What you are asked to do:
Lines from the one holding "7. CH4 level" through the end of the entries, inclusive, form the whole output; reproduce them exactly and omit pictures.
+---+
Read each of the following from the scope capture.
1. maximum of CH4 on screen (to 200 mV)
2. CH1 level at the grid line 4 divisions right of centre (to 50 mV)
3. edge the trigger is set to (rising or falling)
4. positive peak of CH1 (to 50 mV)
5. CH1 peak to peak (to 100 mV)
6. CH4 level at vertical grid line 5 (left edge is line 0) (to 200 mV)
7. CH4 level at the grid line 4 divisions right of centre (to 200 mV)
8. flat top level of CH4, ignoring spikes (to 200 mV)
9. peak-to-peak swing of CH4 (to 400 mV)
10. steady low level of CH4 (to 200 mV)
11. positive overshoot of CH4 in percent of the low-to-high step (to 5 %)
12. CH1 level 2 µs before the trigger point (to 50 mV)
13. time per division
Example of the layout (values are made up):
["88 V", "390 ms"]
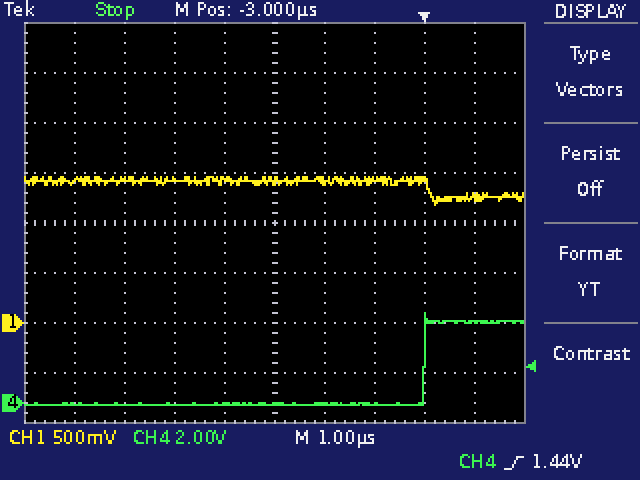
+---+
The answer:
7. CH4 level at the grid line 4 divisions right of centre (to 200 mV)
8. flat top level of CH4, ignoring spikes (to 200 mV)
9. peak-to-peak swing of CH4 (to 400 mV)
10. steady low level of CH4 (to 200 mV)
11. positive overshoot of CH4 in percent of the low-to-high step (to 5 %)
12. CH1 level 2 µs before the trigger point (to 50 mV)
13. time per division
Example of the layout (values are made up):
["88 V", "390 ms"]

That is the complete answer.